At the same time, the school tribes were split into distinct Rock/Disco camps. Truth be told, I didn’t really fit into either, though having been suffocated by disco during the last two years for what it was worth, I stuck in the anti-disco camp, even though I was not an abuser of quaaludes and in fact, I really
liked getting an education! And I preferred more erudite art rock to The Nuge, or Molly Hatchet. Central Florida had two FM Rock stations, and I soon discerned that WDIZ-FM [where I had heard Dr. Demento] was the more “blue-collar” of the two, with WORJ-FM being more my cup of tea. But that’s not to say that it was all skittles and beer in my disco-free world.
I quickly realized that no matter which FM Rock station I listened to, I was going to get really tired of a force-fed diet of the latest [weak] albums by The Stones and The Who, not to mention the elephant in the room, Led Zeppelin! Oh my goodness, I might have not had to contend with disco every other song on the radio, but “Stairway To Heaven” was just as bad. It was after about another year and a half of this that I came to the conclusion that what I really hated wasn’t disco, but a lack of variety! WDIZ-FM must have been trouncing WORJ-FM in the ratings, because the latter ended up closely following the lead of the dumber station, to my dismay. If I thought I was weary of disco, then brother, Southern Rock got just as insufferable and onerous in record time! Gaaah! The unholy alliance of heavy metal and country music was just about the worst thing I could have imagined! And even at this stage of the game, I still managed to hold a torch for Donna Summer’s “I Feel Love” as the “one great disco song.”

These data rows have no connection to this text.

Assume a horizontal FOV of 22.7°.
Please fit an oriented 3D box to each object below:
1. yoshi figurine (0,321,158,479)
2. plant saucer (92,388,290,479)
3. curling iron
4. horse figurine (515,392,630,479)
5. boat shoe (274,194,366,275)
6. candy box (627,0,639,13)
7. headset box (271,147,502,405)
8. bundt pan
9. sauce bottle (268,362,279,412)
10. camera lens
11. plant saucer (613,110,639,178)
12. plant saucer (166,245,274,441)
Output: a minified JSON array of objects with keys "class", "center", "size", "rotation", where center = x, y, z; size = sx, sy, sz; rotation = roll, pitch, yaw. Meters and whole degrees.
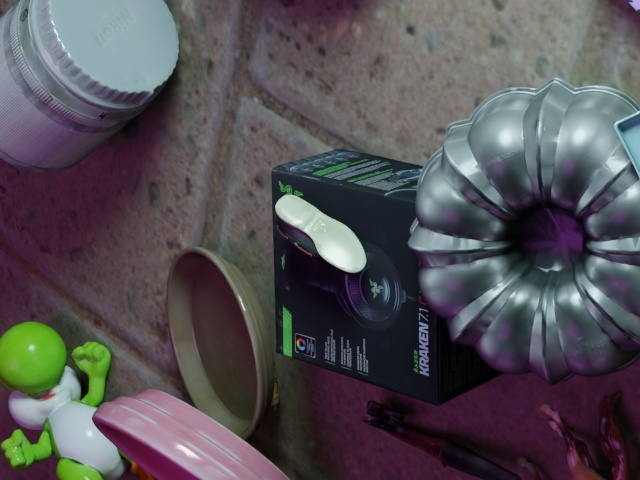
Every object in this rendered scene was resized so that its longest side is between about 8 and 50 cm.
[{"class":"yoshi figurine","center":[-0.389,0.255,2.423],"size":[0.362,0.204,0.203],"rotation":[40,113,31]},{"class":"plant saucer","center":[-0.156,0.305,2.172],"size":[0.332,0.084,0.332],"rotation":[31,164,10]},{"class":"curling iron","center":[0.144,0.256,1.958],"size":[0.274,0.068,0.035],"rotation":[23,85,47]},{"class":"horse figurine","center":[0.292,0.295,1.843],"size":[0.174,0.066,0.263],"rotation":[52,137,28]},{"class":"boat shoe","center":[0.001,-0.001,1.851],"size":[0.133,0.049,0.042],"rotation":[37,154,22]},{"class":"candy box","center":[0.359,-0.300,1.557],"size":[0.196,0.070,0.165],"rotation":[52,134,17]},{"class":"headset box","center":[0.072,0.034,1.916],"size":[0.283,0.131,0.246],"rotation":[16,114,41]},{"class":"bundt pan","center":[0.239,0.000,1.653],"size":[0.331,0.124,0.330],"rotation":[3,101,17]},{"class":"sauce bottle","center":[-0.083,0.172,2.182],"size":[0.042,0.042,0.128],"rotation":[6,111,43]},{"class":"camera lens","center":[-0.347,-0.232,2.167],"size":[0.274,0.219,0.219],"rotation":[-31,82,46]},{"class":"plant saucer","center":[0.385,-0.125,1.550],"size":[0.192,0.018,0.067],"rotation":[-26,85,5]},{"class":"plant saucer","center":[-0.135,0.140,2.178],"size":[0.278,0.041,0.277],"rotation":[33,129,53]}]

Fortunately, in the summer of 1978, I begged my parents for my first stereo, and at that point could begin building my nascent Record Cell in earnest. By the time I had several dozen albums the time came, some time in early ’80 to cut free from the radio, since I realized that it was not going to give me what I wanted. In the meantime, the scant crumbs of commercially acceptable New Wave that had filtered into FM Rock illuminated a path that I wholeheartedly explored to my unceasing delight. And then in 1981 I chanced to pick up a college radio station and then the rehabilitation of disco began in earnest as New Wave cross-pollinated with disco to create new and exciting hybrids. Ze Records plowed fearlessly into new realms they called “Mutant Disco.”

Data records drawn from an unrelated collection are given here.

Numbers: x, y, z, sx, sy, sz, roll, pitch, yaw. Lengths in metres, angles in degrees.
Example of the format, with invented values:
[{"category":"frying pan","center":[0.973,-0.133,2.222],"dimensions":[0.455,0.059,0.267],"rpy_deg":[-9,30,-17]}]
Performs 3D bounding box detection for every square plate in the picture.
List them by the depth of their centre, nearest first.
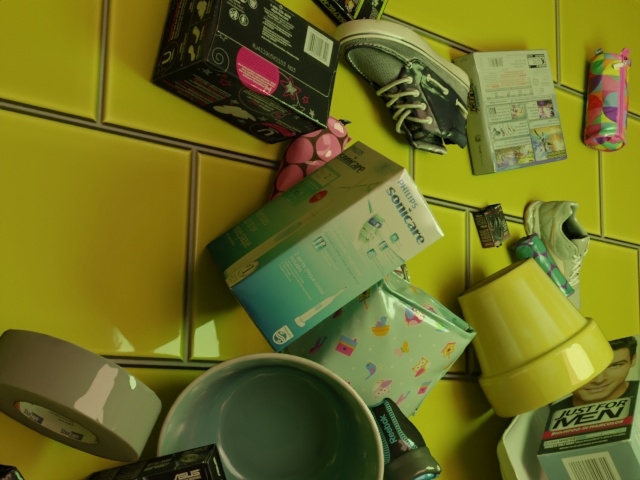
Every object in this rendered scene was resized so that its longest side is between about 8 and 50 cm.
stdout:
[{"category":"square plate","center":[0.430,0.482,1.894],"dimensions":[0.344,0.049,0.347],"rpy_deg":[-27,97,-64]}]

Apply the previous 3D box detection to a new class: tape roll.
[{"category":"tape roll","center":[-0.309,0.194,1.203],"dimensions":[0.219,0.219,0.072],"rpy_deg":[41,57,-32]}]

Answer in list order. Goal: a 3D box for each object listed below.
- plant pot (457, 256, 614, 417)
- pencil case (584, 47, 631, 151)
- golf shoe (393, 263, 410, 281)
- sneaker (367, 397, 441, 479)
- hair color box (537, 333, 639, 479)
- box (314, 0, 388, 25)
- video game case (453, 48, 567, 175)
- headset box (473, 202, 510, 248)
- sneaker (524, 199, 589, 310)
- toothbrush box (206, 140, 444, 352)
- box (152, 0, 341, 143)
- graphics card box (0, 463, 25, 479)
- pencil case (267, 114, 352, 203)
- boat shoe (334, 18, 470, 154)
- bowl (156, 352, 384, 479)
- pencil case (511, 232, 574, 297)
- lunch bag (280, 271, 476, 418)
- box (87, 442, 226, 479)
[{"category":"plant pot","center":[0.388,0.173,1.861],"dimensions":[0.254,0.254,0.239],"rpy_deg":[-28,87,-42]},{"category":"pencil case","center":[0.671,-0.327,2.279],"dimensions":[0.104,0.104,0.236],"rpy_deg":[19,72,-40]},{"category":"golf shoe","center":[0.070,0.022,1.683],"dimensions":[0.120,0.105,0.272],"rpy_deg":[-19,92,-26]},{"category":"sneaker","center":[0.107,0.329,1.538],"dimensions":[0.125,0.341,0.139],"rpy_deg":[-23,75,-13]},{"category":"hair color box","center":[0.571,0.343,1.960],"dimensions":[0.113,0.185,0.374],"rpy_deg":[63,32,-15]},{"category":"box","center":[0.052,-0.483,1.760],"dimensions":[0.184,0.045,0.190],"rpy_deg":[40,58,-35]},{"category":"video game case","center":[0.400,-0.271,2.041],"dimensions":[0.269,0.061,0.244],"rpy_deg":[-12,91,-43]},{"category":"headset box","center":[0.348,-0.026,1.978],"dimensions":[0.062,0.032,0.083],"rpy_deg":[-26,100,-42]},{"category":"sneaker","center":[0.519,0.038,2.068],"dimensions":[0.099,0.121,0.262],"rpy_deg":[-24,100,-42]},{"category":"toothbrush box","center":[0.000,0.000,1.438],"dimensions":[0.295,0.216,0.126],"rpy_deg":[-34,112,-3]},{"category":"box","center":[-0.110,-0.278,1.512],"dimensions":[0.247,0.142,0.163],"rpy_deg":[25,66,-40]},{"category":"graphics card box","center":[-0.378,0.485,1.185],"dimensions":[0.233,0.094,0.371],"rpy_deg":[-41,111,-38]},{"category":"pencil case","center":[-0.019,-0.108,1.607],"dimensions":[0.098,0.095,0.209],"rpy_deg":[33,65,-29]},{"category":"boat shoe","center":[0.158,-0.269,1.767],"dimensions":[0.340,0.127,0.158],"rpy_deg":[17,65,-41]},{"category":"bowl","center":[-0.067,0.294,1.402],"dimensions":[0.163,0.312,0.311],"rpy_deg":[-79,153,-83]},{"category":"pencil case","center":[0.459,0.059,2.022],"dimensions":[0.151,0.064,0.070],"rpy_deg":[58,13,3]},{"category":"lunch bag","center":[0.103,0.172,1.585],"dimensions":[0.262,0.160,0.223],"rpy_deg":[31,99,-33]},{"category":"box","center":[-0.209,0.368,1.297],"dimensions":[0.077,0.180,0.147],"rpy_deg":[-65,141,-83]}]

40 years later, disco is just another color in pop’s palette. I can enjoy music of any stripe now because I have been disengaged entirely from pop culture for almost two generations. I have no idea what was in the charts for the last 30 years. No matter what they’re overplaying, I have not heard it, so that keeps me pure and naive in my listening. Because I’d probably dislike whatever I’m overexposed to.